One of the questions this rewatch has made me reconsider is this: when did Doctor Who start to make its monsters complicated? In the new series, it’s commonplace: Peter Capaldi’s final season kicks off with five back-to-back episodes where an apparent monster turns out to be merely misunderstood. The trope certainly predates the Ice Warriors’ babyface turn in The Curse of Peladon, though that remains the most dramatic example. Was The Silurians the first to do it? No – as The Faceless Ones shows, it wasn’t even the first Malcolm Hulke story to do it. And let’s not forget the morality play of Galaxy 4, and its message that not every ugly monster is evil.

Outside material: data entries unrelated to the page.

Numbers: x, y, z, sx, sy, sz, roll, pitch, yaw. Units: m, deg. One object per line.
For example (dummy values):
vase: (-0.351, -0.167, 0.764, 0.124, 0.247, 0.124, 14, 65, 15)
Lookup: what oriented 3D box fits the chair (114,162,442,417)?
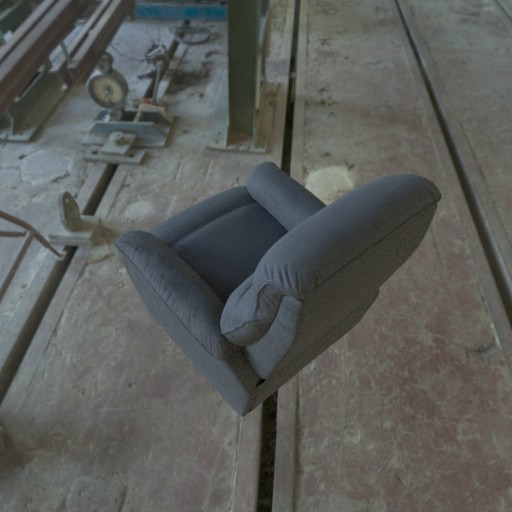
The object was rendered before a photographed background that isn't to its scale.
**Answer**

Incredibly, it turns out that the first example is The Sensorites. The only two stories preceding this that can possibly be called “monster stories” are The Daleks and The Keys of Marinus, and the introduction of the alien Sensorites certainly suggests we’re about to get something in the same vein. We know they can control the minds of humans, putting them in a trance so deep even the Doctor mistakes them for corpses. The human astronauts are terrified of them, understandably so. Then, just like the Daleks, they make their bow at the end of the first episode, a monster tapping on a window in a striking visualisation of a common childhood fear.

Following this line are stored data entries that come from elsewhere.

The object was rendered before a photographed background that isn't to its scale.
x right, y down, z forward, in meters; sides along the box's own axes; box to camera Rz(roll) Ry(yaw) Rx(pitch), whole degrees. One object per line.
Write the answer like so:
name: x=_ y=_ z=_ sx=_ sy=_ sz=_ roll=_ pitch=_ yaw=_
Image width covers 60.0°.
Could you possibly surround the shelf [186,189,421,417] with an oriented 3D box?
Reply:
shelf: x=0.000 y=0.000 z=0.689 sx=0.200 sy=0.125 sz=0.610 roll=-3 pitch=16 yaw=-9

But the Sensorites turn out to be something other than a monster, and The Sensorites is something other than a monster story. Little clues to this are seeded in the design. Despite a key plot point hinging on humans being unable to tell the Sensorites apart, they actually have visibly different masks with differing facial structures and hair, and some care has been taken to cast actors of different heights and body shapes. This means that when things get down to “squabbling rubber” – as Gareth Roberts’s dad described Doctor Who‘s many scenes of alien arguments – we already believe in these creatures as distinct individuals. It helps, too, that their voices aren’t subject to any electronic distortion, and we can hear everything the actors – including a pre-Crackerjack Peter Glaze! – are giving to their characterisations.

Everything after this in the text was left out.